Ancora, i dati sulla disoccupazione, con un peggioramento inatteso sono una cattiva notizia per il presidente, che però segna anche un punto a favore, nell’annuncio dell’uscita, entro ottobre, dunque, prima delle presidenziali, del libro sull’uccisione di Osama Bin Laden, con le polemiche che ne sono seguite da parte dei Repubblicani. Insomma, una situazione incandescente, con una guerra di trincea da cui non ne si esce: un giorno uno dei due segna un punto, il giorno dopo è l’altro a farlo. Lo stallo è tale anche nei sondaggi, e poche sono le variazioni rispetto allo scorso appuntamento.
Ecco, dunque, la situazione Stato per Stato.

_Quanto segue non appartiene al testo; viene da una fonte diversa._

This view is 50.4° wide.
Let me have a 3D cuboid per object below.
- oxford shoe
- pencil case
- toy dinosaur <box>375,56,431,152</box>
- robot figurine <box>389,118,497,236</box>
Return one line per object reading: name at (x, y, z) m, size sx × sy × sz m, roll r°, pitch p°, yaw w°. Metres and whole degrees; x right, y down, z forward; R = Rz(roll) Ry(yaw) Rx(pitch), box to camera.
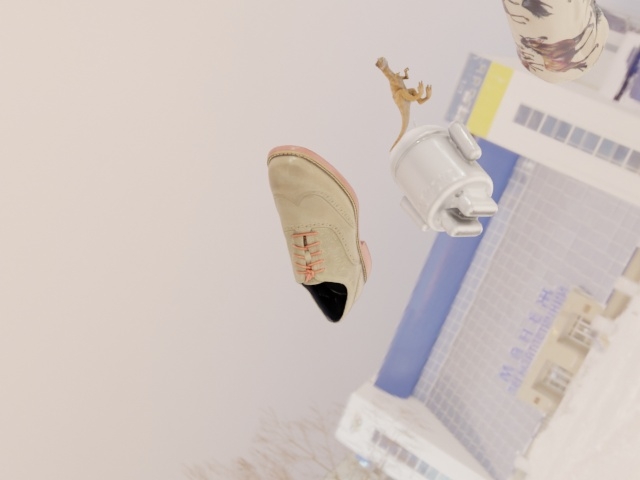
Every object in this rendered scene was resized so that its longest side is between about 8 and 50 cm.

Blindati Obama: Maine/1° distretto (1); Vermont (3); Massachusetts (11); Rhode Island (4); New York (29); Delaware (3); Maryland (10); District of Columbia (3); California (55); Hawaii (4). Totale: 123.

Molto probabili Obama: Maine/Stato (2); Connecticut (7); New Jersey (14); Illinois (20); Minnesota (10); New Mexico (5); Washington (12). Totale: 70.

Vantaggio vulnerabile Obama: Maine/2° distretto (1); Pennsylvania (20); Michigan (16); Oregon (7). Totale: 44.

Completamente incerti: New Hampshire (4); Ohio (18); Wisconsin (10); Iowa (6); Colorado (9); Nevada (6); Virginia (13); North Carolina (15); Florida (29). Totale: 110.

Vantaggio vulnerabile Romney: Missouri (10); Nebraska/2° distretto (1). Totale: 11.

Molto probabili Romney: Indiana (11); Nebraska/1° distretto (1); South Dakota (3); Montana (3); Arizona (11); Texas (38); Tennessee (11); South Carolina (9); Georgia (16). Totale: 103.

Blindati Romney: West Virginia (5); Kansas (6); Nebraska/Stato (2); Nebraska/3° distretto (1); North Dakota (3); Idaho (4); Wyoming (3); Utah (6); Alaska (3); Oklahoma (7); Arkansas (6); Louisiana (8); Mississippi (6); Alabama (9); Kentucky (8). Totale: 77.